Being new to R and having worked through the first five chapters I was struggling with the data files that are referenced in the book. Normally, when learning a new programming language working the examples works fine for me, but for this book it proved a nightmare: 1) does not explain where the data files can be found. 2) After searching the internet, I found a link to "the data files" on the publishers web site, only to be disappointed even more: many files are missing or have different names from the ones used in the book. Some are corrupt and/or contain different values from those shown in the book.
It really made me wonder where all the five star ratings for this book were based on. I cannot belief that these reviewers used the book intensively.
This problem is not new although only few reviewers mention it: if you google "missing data files art of r programming" you will find many other people that encountered the same problem.
A second problem is that the code fragments often have errors that are really hard to solve for beginners. One example being the mount rushmore code on page 65 and another one the code for the words frequency problem on page 98. On the web I found some solutions/corrections by other readers.
Then why did this book earn so many five-star ratings?
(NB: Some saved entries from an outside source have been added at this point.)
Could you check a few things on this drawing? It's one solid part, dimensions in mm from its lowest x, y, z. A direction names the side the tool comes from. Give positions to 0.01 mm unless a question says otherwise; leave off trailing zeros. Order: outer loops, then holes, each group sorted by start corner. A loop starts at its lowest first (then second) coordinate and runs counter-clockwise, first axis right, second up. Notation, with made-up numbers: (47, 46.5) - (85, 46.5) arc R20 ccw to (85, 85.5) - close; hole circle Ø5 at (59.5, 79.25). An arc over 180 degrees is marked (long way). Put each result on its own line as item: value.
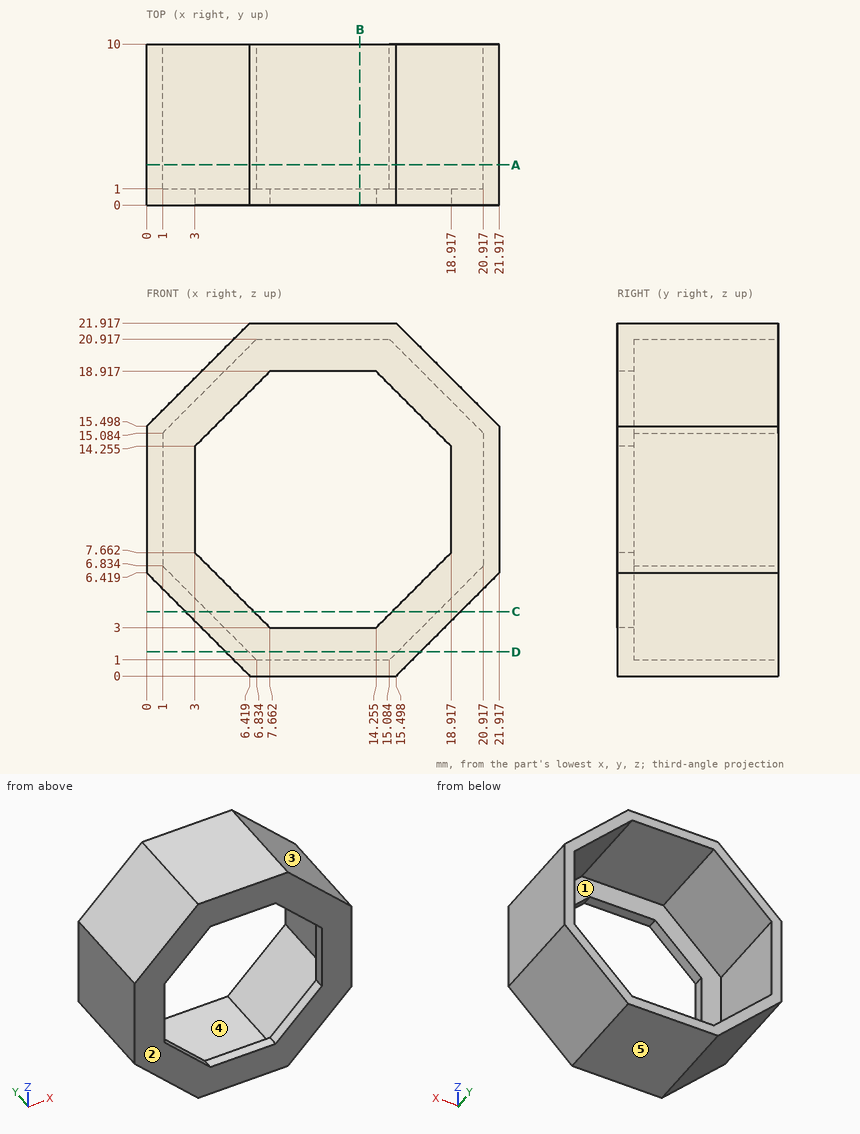
1) I'm going to push a flat-ended pin straight in: pin 1 (2 mm diameter, centred on y = 1.5, z = 18, fed in from -X). Where does the tip first touch, or does it pass through?
Filled in:
pin 1: stops at x = 1.5
2) Suppose I cut it at D-D, the plane z = 1.5. List the corners of the cut face in (x, y) for me.
Filled in:
outline: (4.92, 0) - (17, 0) - (17, 10) - (15.58, 10) - (15.58, 1) - (6.33, 1) - (6.33, 10) - (4.92, 10) - close
3) If I drill on line 1 (X direction, y = 8, z = 11.25); line 2 (Y direction, x = 4, z = 17), over which ranges is the centre line in solid material (lowest first)? Write a range as [from, to].
Filled in:
line 1: x = [0, 1], [20.92, 21.92]
line 2: y = [0, 1]
4) Which directions (+Z, -Z, +X, -X, +Y, -Y) give clear straight access to the entire face, cutting with the end or side of a thin tool? Please do the marked faces 4 and 5.
Filled in:
face 4: +Y
face 5: -Z, +X, -X, +Y, -Y
5) Suppose I cut it at B-B, the plane x = 13.25. List the corners of the cut face in (y, z) for me, and give its area (3 significant figures).
Filled in:
outline: (0, 0) - (10, 0) - (10, 1) - (1, 1) - (1, 3) - (0, 3) - close; (0, 18.92) - (1, 18.92) - (1, 20.92) - (10, 20.92) - (10, 21.92) - (0, 21.92) - close
area: 24.0 mm^2
6) Suppose I cut it at C-C, the plane z = 4. List the corners of the cut face in (x, y) for me (1 decimal).
Filled in:
outline: (2.4, 0) - (6.7, 0) - (6.7, 1) - (3.8, 1) - (3.8, 10) - (2.4, 10) - close; (15.3, 0) - (19.5, 0) - (19.5, 10) - (18.1, 10) - (18.1, 1) - (15.3, 1) - close
7) Suppose I cut it at A-A, the plane y = 2.5. List the corners of the cut face in (x, z) for me.
Filled in:
outline: (0, 6.42) - (6.42, 0) - (15.5, 0) - (21.92, 6.42) - (21.92, 15.5) - (15.5, 21.92) - (6.42, 21.92) - (0, 15.5) - close; hole (1, 6.83) - (6.83, 1) - (15.08, 1) - (20.92, 6.83) - (20.92, 15.08) - (15.08, 20.92) - (6.83, 20.92) - (1, 15.08) - close
8) We'd pull the mould along Z, two halves only. Please class the marked faces 1, 2 and 3: pulls with the +Z half, pulls with the -Z half, needs draft (parallel to the pull), parting line crosses it, or undercut.
Filled in:
face 1: undercut
face 2: needs draft
face 3: pulls with the +Z half

It probably has to do with the fact that it could be a very good introduction to R, if only the author (and editorial staff at No Starch Press) had payed more attention to detail and had spent some extra work in providing correct data files.
on April 24, 2013
The author jumps the gun in introducing topics. The author presents examples that cover topics that haven't been fully explained. In example 2.9.1, the author uses the lapply function- a function that isn't fully covered until chapter 4. Section 2.9 describes the ifelse function. Why doesn't the author simply provide an example based on topics from chapters 1-2.9? Each successive section should build on the prior. As a student, I find this jumping back and forth discouraging.